In the negotiations to form a coalition government under the leadership of Chancellor Angela Merkel following the 2017 federal elections, Müntefering was part of the working group on foreign policy, led by Ursula von der Leyen, Gerd Müller and Sigmar Gabriel. Between February and March 2018, she briefly served as member of the SPD parliamentary group’s leadership under chairwoman Andrea Nahles.

After leaving government, Müntefering joined the Committee on Foreign Affairs and became the chairwoman of its Subcommittee on Foreign Cultural and Educational Policy. In 2023, she was one of the initiators – alongside Agnieszka Brugger and Marie-Agnes Strack-Zimmermann – of a cross-party group promoting a feminist foreign policy.

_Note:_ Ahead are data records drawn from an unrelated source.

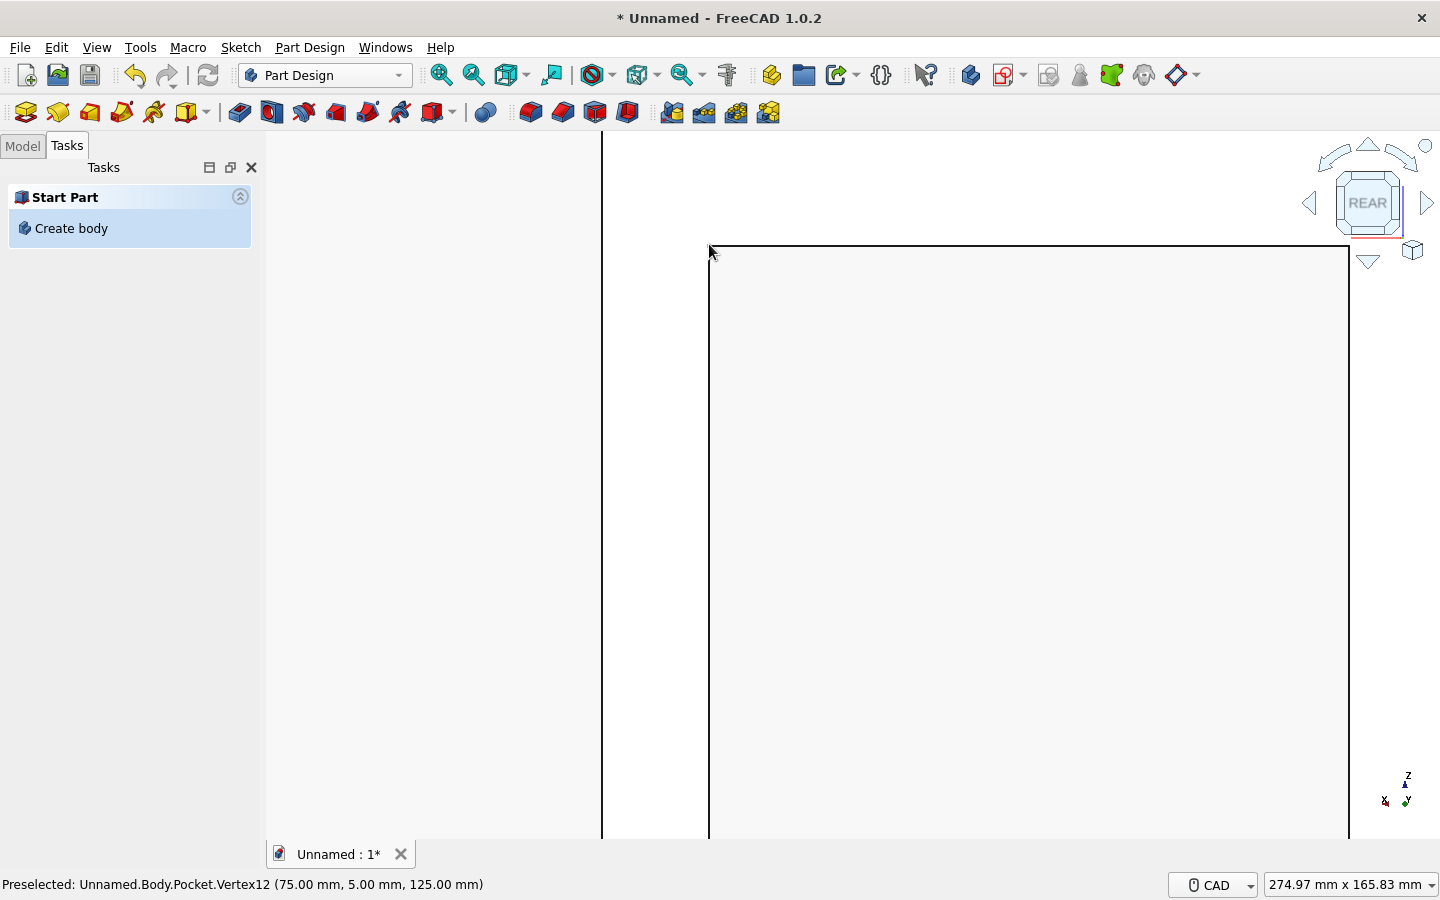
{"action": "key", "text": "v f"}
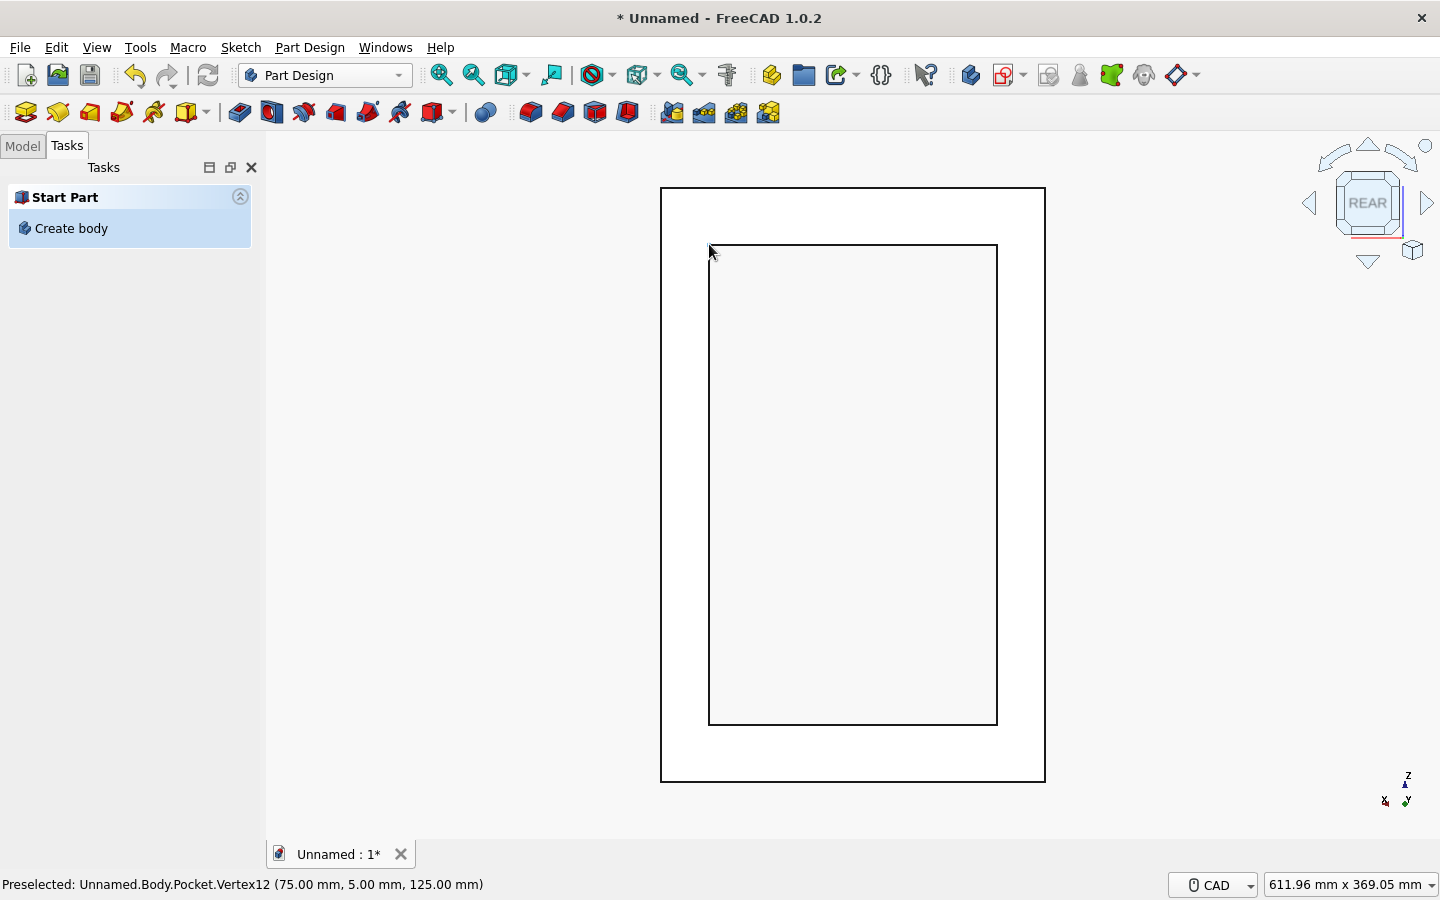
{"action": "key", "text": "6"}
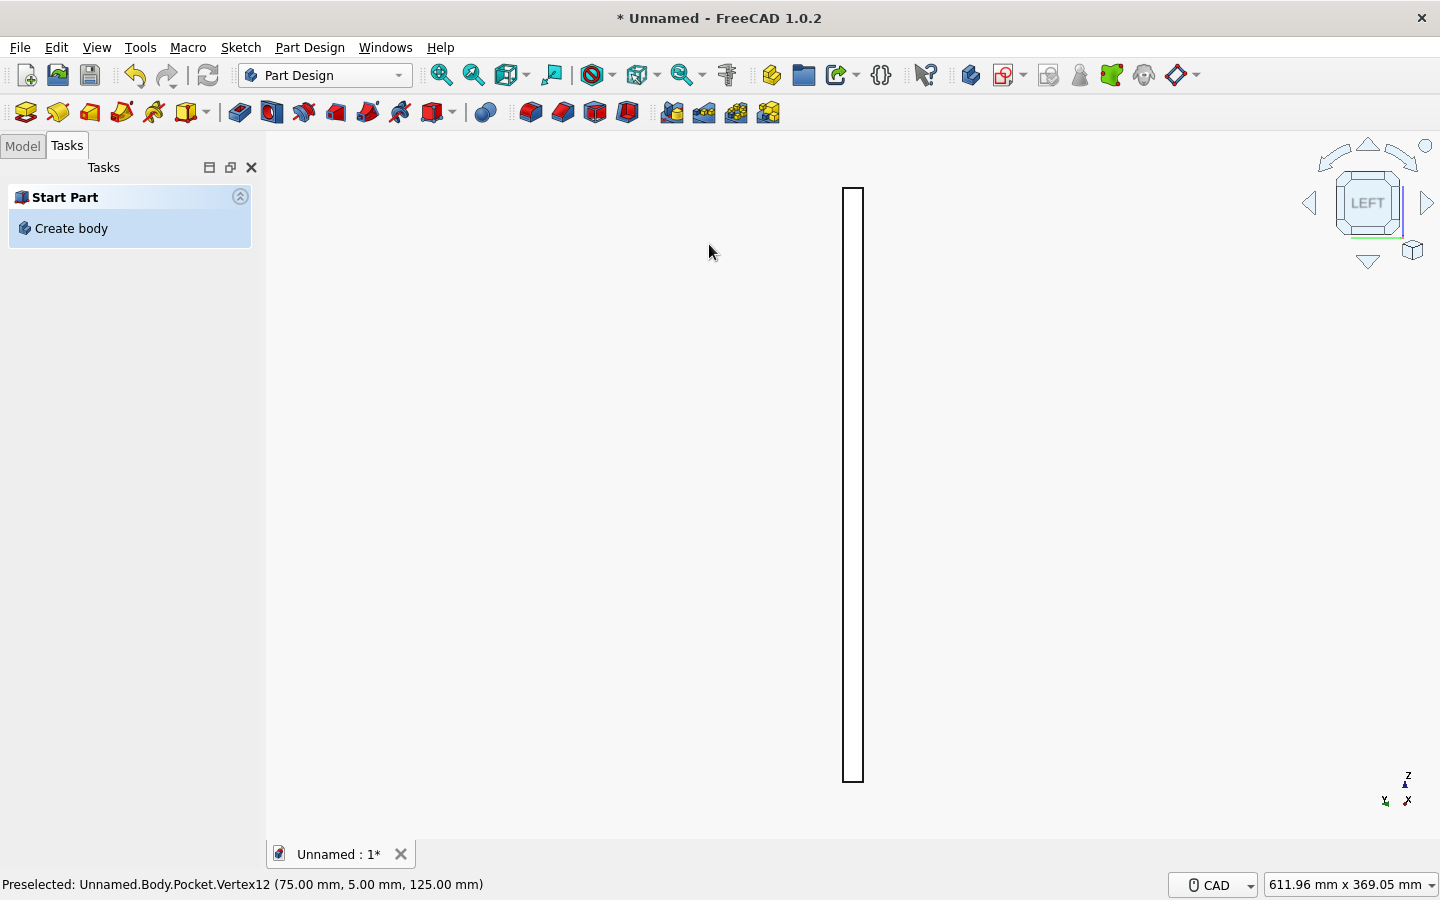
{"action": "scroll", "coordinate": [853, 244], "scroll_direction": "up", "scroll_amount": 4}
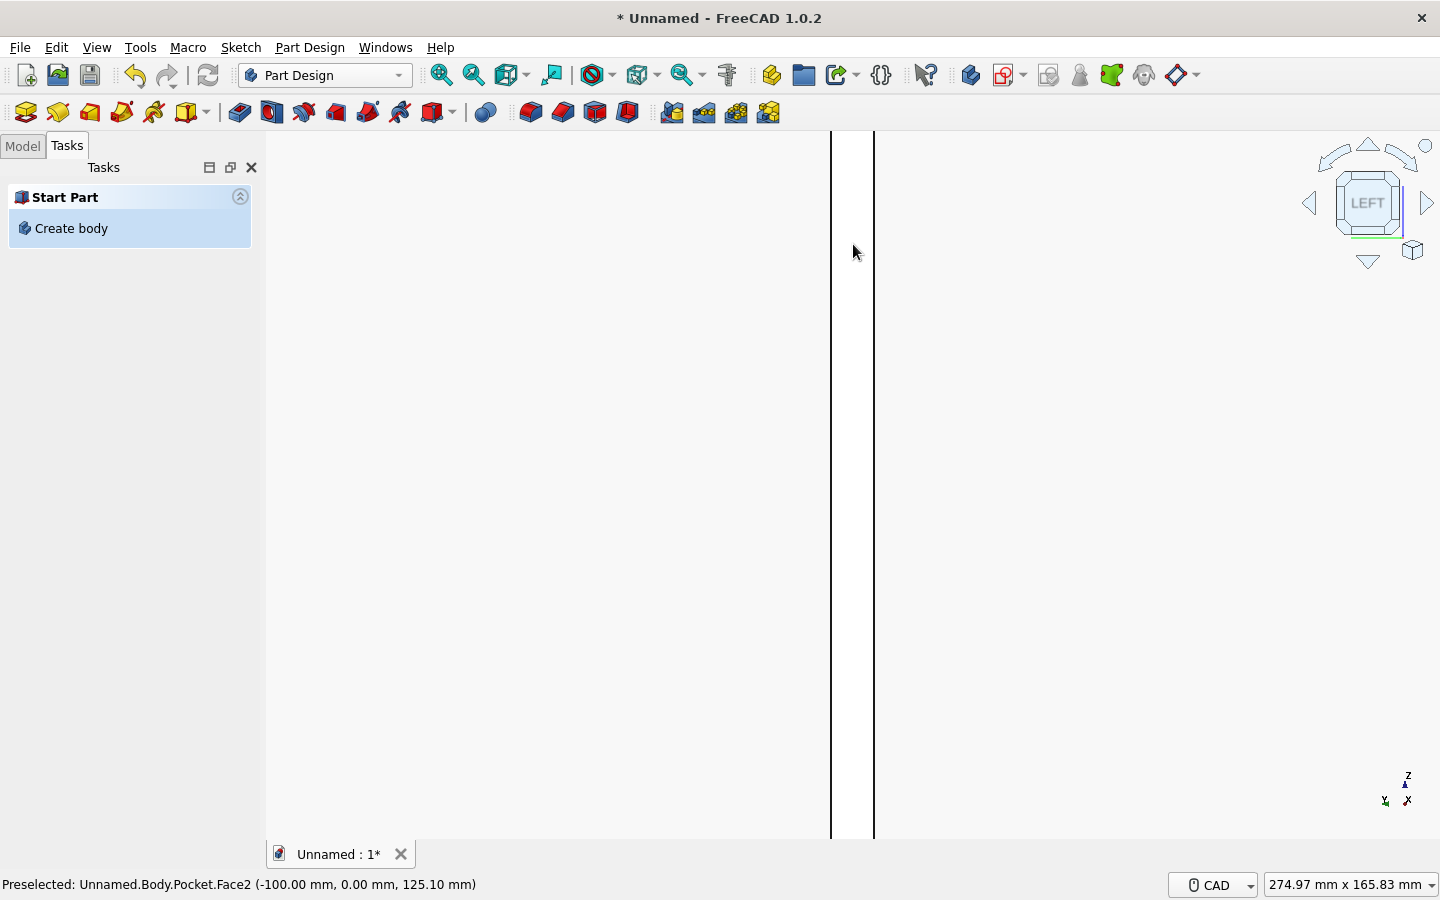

In April 2023, Müntefering announced her intention to resign from the German Parliament and instead run in the 2024 European elections; however, she failed to get her party's nomination. In June 2024, she announced that she would not stand in the 2025 federal elections but instead resign from active politics by the end of the parliamentary term.

==Other activities==
===Regulatory bodies===
- Federal Network Agency for Electricity, Gas, Telecommunications, Post and Railway (BNetzA), Alternate Member of the Advisory Board (2013–2018)
- Landesanstalt für Medien Nordrhein-Westfalen (LfM), Member of the Media Committee (−2015)

===Corporate boards===
- Humboldt Forum, Ex-Officio Member of the Supervisory Board (since 2018)
- Evangelische Verbund Ruhr (EVR), Member of the Supervisory Board

===Non-profit organizations===
- Tarabya Cultural Academy, Member of the Advisory Board (since 2022)
- German Federal Film Board (FFA), Member of the Supervisory Board (since 2022)
- Leibniz Association, Ex-Officio Member of the Senate (since 2018)
- Centre for Feminist Foreign Policy (CFFP), Member of the Advisory Council (since 2018)
- Friedrich Ebert Foundation (FES), Member of the Board of Trustees
- American Jewish Committee in Berlin, Member of the Advisory Board
- Berliner Republik, Member of the Board of Editors
- European Council on Foreign Relations (ECFR), Member
- Friends of the Herne Synagogue, Member
- Gegen Vergessen – Für Demokratie, Member
- German Orient Foundation, President of the Board of Trustees
- German-Turkish Society (DTG), Vice President
- German-Arab Friendship Association (DAFG), Member of the Board
- Progressives Zentrum, Member of the Circle of Friends
- Amnesty International, Member
- Atlantik-Brücke, Member
- German-Israeli Association (DIG), Member
- IG Bergbau, Chemie, Energie (IG BCE), Member
- Social Association of Germany (SoVD), Member
- 2015 German Short Film Awards, Member of the Jury
- Stiftung Datenschutz, Member of the Advisory Board (2014–2016)

==Controversy==
In 2017, when media reports revealed Turkey’s intelligence agency MIT had illegally been spying on Germans suspected of ties to Fethullah Gulen, Müntefering was found to be one of the subjects of surveillance. In the weeks leading up to the 2017 federal elections, Müntefering’s car was set on fire with a Molotov cocktail.

==Personal life==
In December 2009, she married the then Bundestag member, former SPD chairman and former vice-chancellor Franz Müntefering. The ceremony took place at the Zollverein Coal Mine Industrial Complex. The couple lives in Herne and Berlin’s Kreuzberg district.